- _WHAT YOU ARE ASKED TO DO_
Transcribe exactly, and only, the lines from the one containing "text 🤨 2 [118, 607, 1122, 636]" through the end of the material.

—————

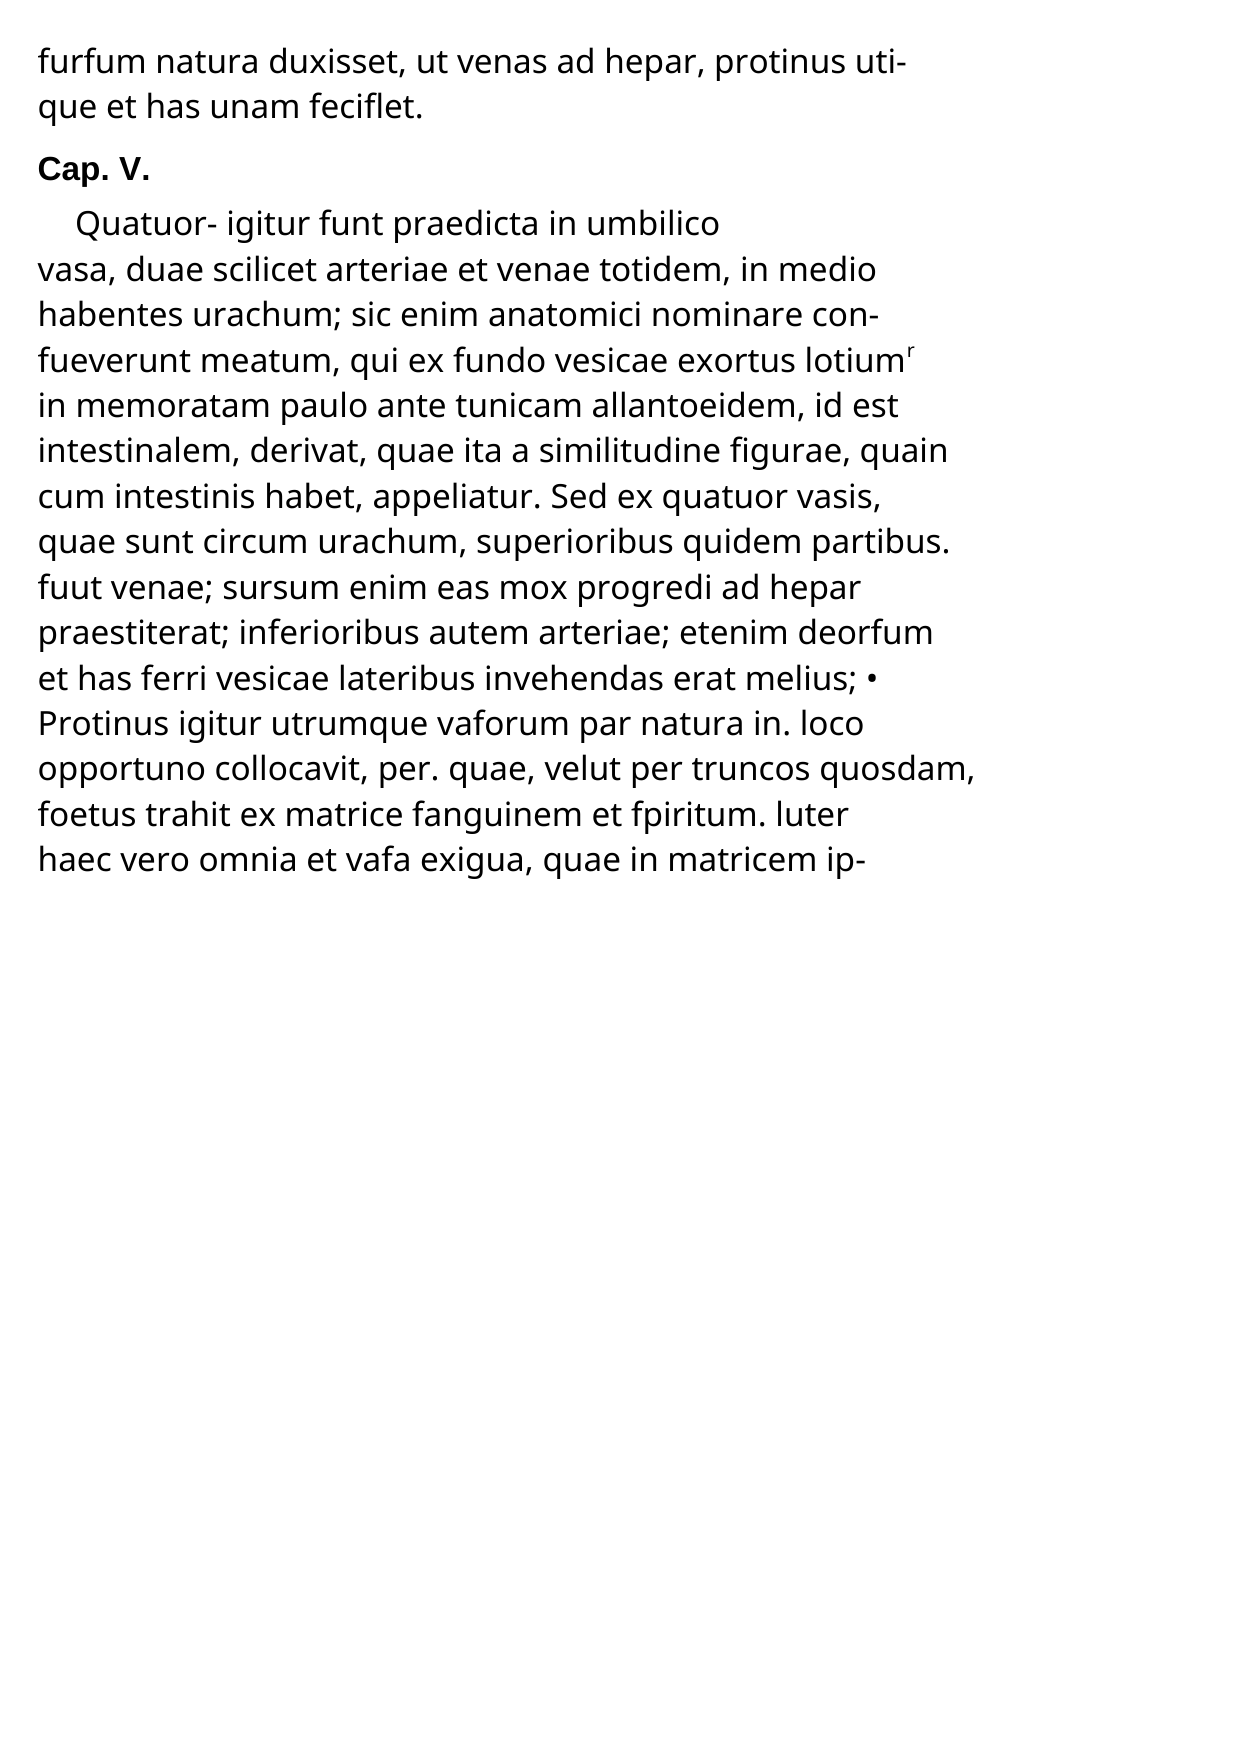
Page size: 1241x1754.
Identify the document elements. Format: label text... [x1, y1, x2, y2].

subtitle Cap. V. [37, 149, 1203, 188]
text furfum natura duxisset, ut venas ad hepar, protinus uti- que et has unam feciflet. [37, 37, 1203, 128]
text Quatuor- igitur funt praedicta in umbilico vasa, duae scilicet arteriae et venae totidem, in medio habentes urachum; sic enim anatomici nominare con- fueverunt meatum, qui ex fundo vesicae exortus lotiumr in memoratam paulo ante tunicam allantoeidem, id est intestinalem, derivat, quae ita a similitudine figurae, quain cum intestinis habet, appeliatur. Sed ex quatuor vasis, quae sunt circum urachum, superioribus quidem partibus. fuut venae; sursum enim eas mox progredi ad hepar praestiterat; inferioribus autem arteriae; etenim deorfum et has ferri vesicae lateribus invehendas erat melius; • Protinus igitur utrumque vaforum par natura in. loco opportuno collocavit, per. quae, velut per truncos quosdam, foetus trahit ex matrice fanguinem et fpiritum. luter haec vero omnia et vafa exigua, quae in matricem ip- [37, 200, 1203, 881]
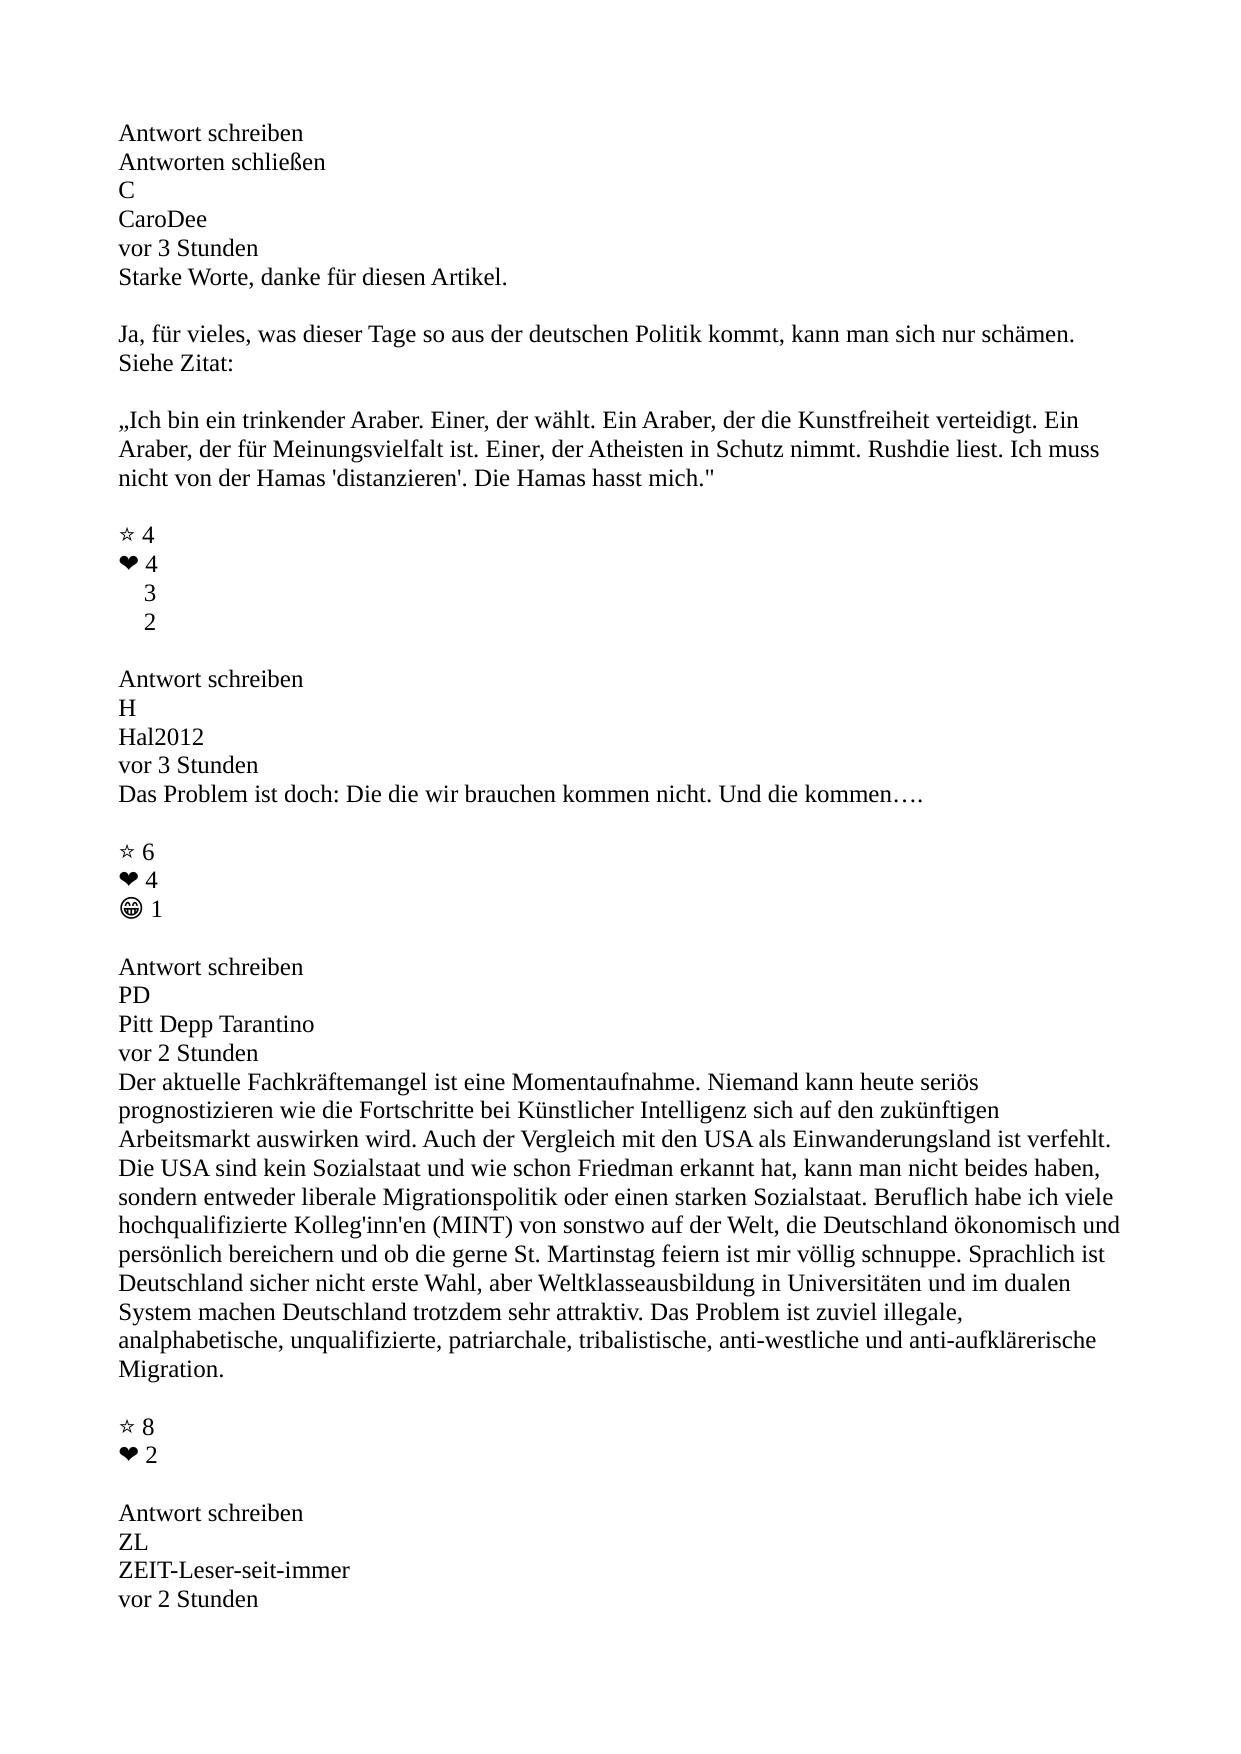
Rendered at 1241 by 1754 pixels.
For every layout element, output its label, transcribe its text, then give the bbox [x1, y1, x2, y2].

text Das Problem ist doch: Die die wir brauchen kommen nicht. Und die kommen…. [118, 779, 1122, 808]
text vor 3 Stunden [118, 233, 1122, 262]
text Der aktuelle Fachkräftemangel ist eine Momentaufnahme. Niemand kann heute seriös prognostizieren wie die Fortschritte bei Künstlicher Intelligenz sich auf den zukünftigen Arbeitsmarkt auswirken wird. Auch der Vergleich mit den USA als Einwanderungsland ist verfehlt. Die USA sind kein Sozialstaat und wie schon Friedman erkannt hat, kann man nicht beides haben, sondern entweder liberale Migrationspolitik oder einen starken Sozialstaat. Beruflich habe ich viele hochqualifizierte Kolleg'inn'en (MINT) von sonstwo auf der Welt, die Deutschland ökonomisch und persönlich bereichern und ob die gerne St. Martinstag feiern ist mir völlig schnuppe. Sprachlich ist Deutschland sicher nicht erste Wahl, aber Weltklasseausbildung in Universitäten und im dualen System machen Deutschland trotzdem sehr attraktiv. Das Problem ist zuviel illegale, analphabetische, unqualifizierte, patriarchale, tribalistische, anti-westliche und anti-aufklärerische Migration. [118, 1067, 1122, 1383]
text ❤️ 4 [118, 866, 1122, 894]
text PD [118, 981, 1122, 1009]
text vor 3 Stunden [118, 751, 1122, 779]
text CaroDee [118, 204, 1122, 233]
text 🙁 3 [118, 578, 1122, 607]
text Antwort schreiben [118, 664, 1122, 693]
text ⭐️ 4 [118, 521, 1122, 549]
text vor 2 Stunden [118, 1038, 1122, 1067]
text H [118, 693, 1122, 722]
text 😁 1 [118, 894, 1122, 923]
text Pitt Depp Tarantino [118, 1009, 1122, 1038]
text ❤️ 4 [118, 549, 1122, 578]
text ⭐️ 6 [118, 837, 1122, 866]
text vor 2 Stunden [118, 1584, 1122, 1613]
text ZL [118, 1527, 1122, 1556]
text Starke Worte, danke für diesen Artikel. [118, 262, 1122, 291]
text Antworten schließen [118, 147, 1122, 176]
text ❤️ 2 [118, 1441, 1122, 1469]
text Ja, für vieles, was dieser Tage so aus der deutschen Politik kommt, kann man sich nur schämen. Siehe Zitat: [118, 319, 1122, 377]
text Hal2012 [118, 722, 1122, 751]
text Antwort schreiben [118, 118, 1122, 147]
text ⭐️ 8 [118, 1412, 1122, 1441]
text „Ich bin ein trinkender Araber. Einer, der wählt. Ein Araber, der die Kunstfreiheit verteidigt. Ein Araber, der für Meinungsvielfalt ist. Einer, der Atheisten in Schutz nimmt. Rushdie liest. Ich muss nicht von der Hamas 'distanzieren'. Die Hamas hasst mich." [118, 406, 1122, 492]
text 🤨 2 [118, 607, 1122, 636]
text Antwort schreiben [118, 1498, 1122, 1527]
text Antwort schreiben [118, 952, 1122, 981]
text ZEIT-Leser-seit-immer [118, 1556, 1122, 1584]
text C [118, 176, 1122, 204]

—————

- _WRITTEN RESPONSE_
text 🤨 2 [118, 607, 1122, 636]
text Antwort schreiben [118, 1498, 1122, 1527]
text Antwort schreiben [118, 952, 1122, 981]
text ZEIT-Leser-seit-immer [118, 1556, 1122, 1584]
text C [118, 176, 1122, 204]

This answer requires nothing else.